Skip every image and restate the data word for word.

[Data to use — start]

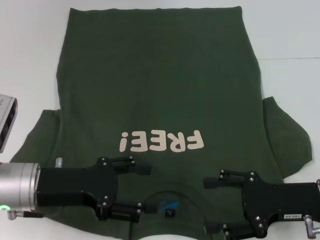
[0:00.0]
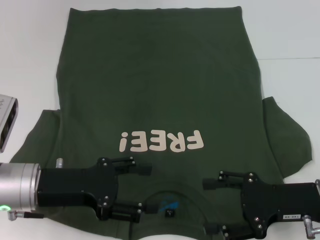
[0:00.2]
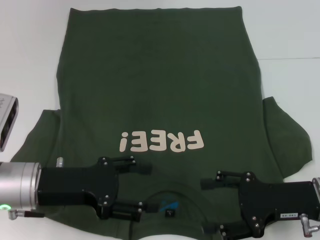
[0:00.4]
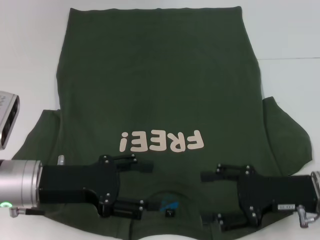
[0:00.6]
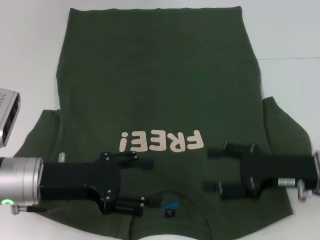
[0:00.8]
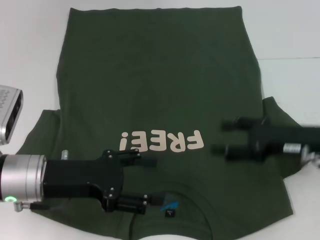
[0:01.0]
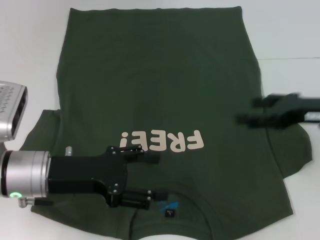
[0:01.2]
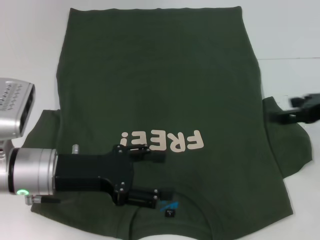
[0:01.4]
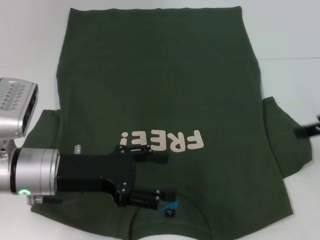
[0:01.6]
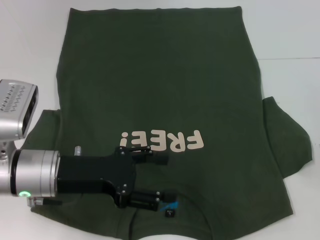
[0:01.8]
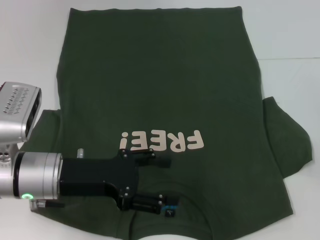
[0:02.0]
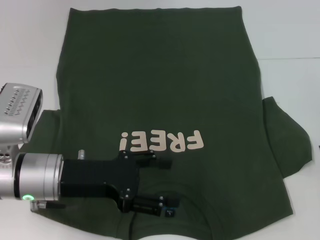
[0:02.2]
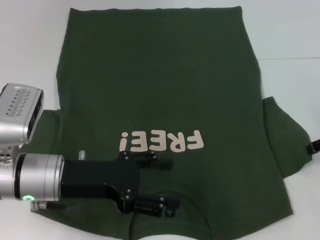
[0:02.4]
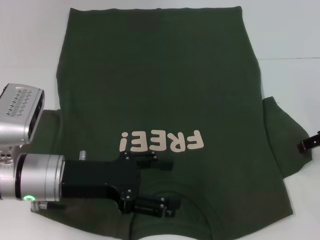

[Data to use — finish]

* Exercise response *
[0:00.0]
[0:00.2]
[0:00.4]
[0:00.6]
[0:00.8]
[0:01.0]
[0:01.2]
[0:01.4]
[0:01.6]
[0:01.8]
[0:02.0]
[0:02.2]
[0:02.4]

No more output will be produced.